#### Problem to solve
Please find the lines in the entries below that contain the word "device", and copy each one.

Items listed in a dataset
★ ★ ★ ★
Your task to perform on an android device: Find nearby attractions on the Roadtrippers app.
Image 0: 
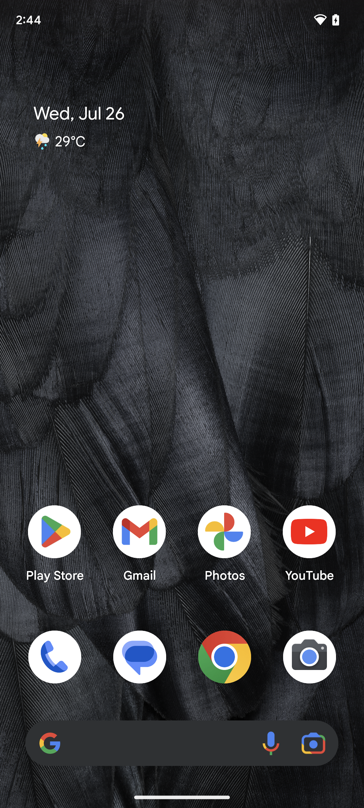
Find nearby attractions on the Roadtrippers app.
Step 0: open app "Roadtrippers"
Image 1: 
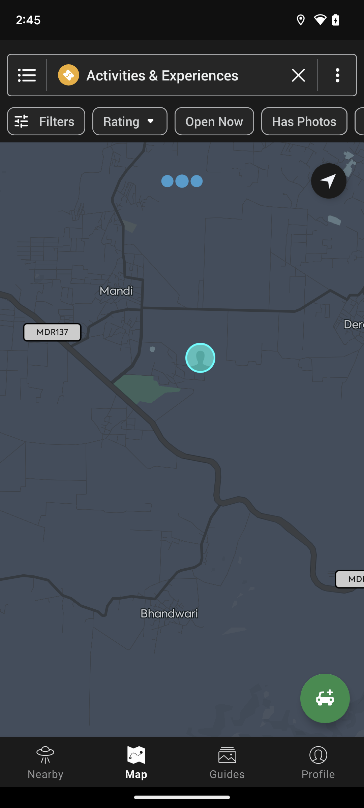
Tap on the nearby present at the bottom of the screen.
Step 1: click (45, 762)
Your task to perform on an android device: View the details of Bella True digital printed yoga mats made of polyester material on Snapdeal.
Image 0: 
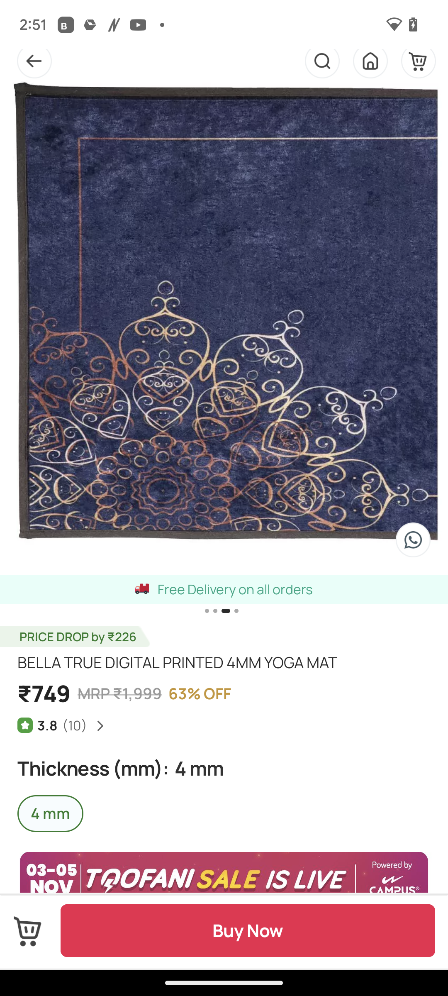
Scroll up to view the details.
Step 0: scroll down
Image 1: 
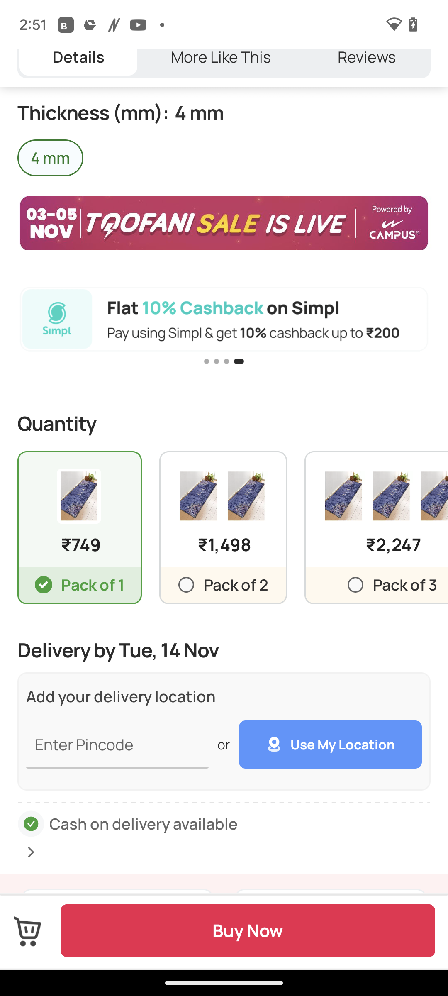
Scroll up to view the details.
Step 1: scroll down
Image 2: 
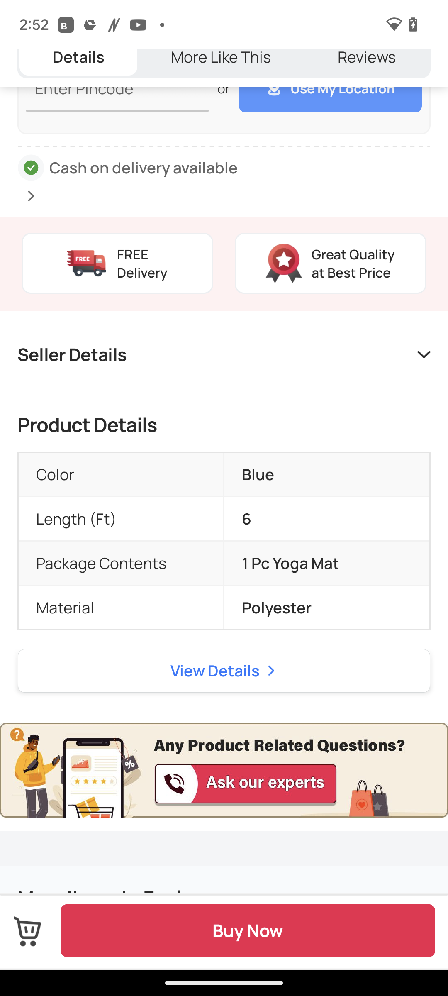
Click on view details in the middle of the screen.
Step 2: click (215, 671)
★ ★ ★ ★
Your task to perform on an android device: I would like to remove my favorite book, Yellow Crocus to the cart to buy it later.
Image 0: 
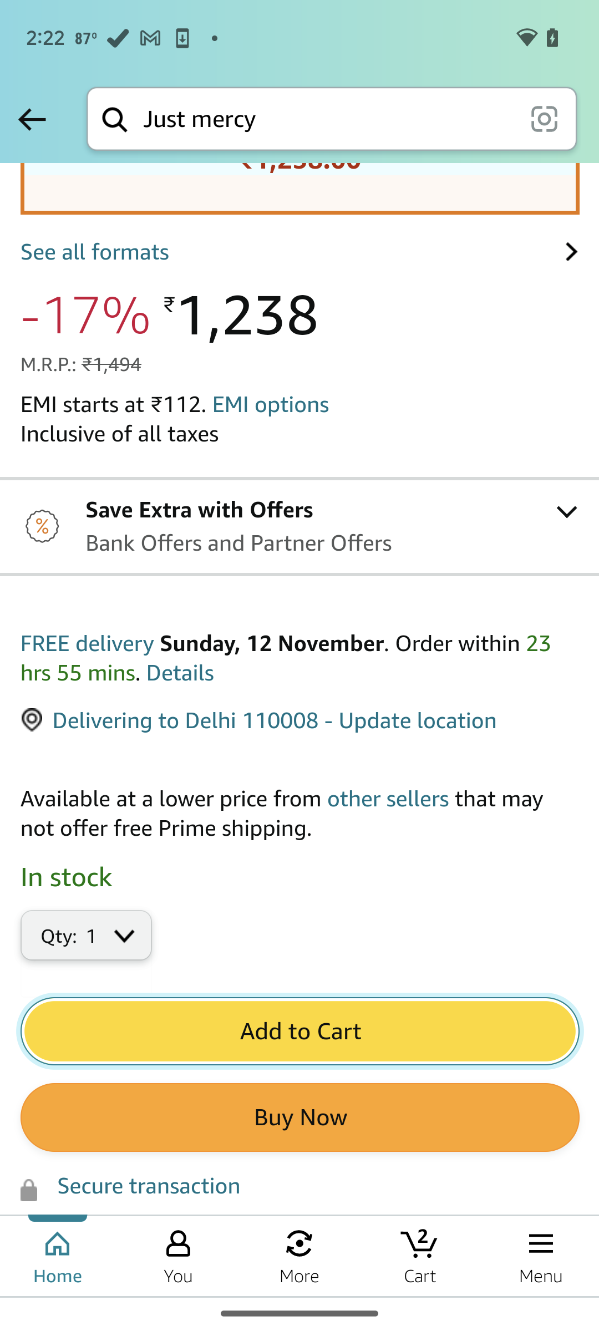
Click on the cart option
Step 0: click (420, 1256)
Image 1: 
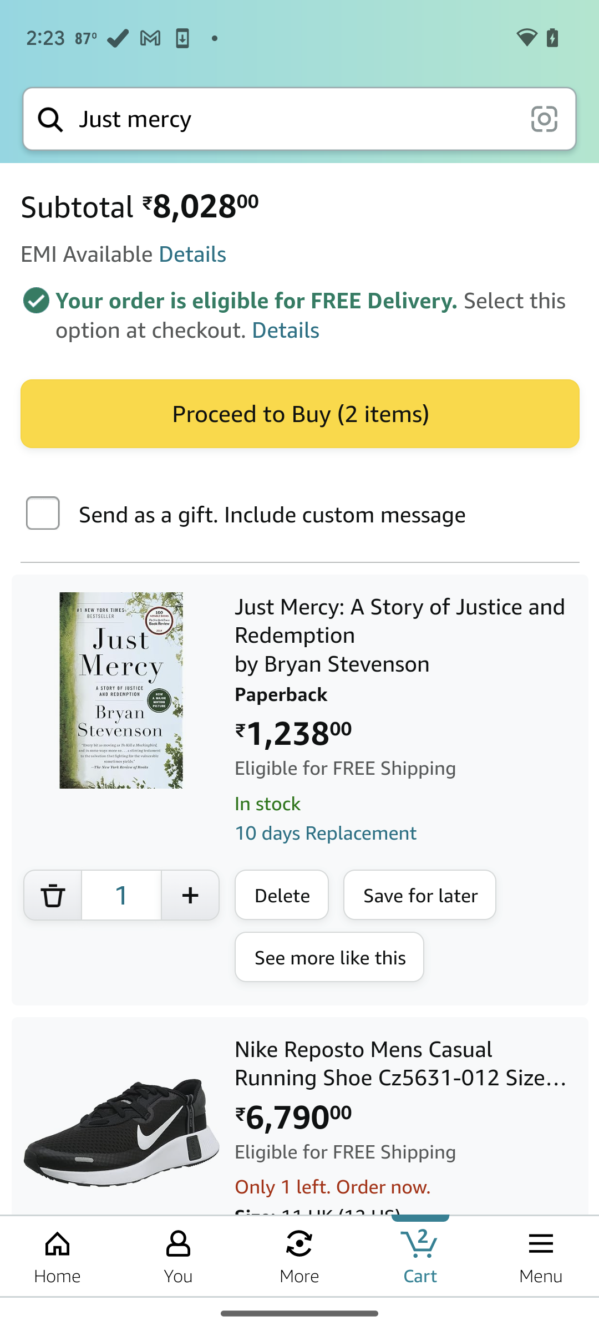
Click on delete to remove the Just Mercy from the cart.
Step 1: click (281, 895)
★ ★ ★ ★
#### Exercise output
Your task to perform on an android device: Find nearby attractions on the Roadtrippers app.
Your task to perform on an android device: View the details of Bella True digital printed yoga mats made of polyester material on Snapdeal.
Your task to perform on an android device: I would like to remove my favorite book, Yellow Crocus to the cart to buy it later.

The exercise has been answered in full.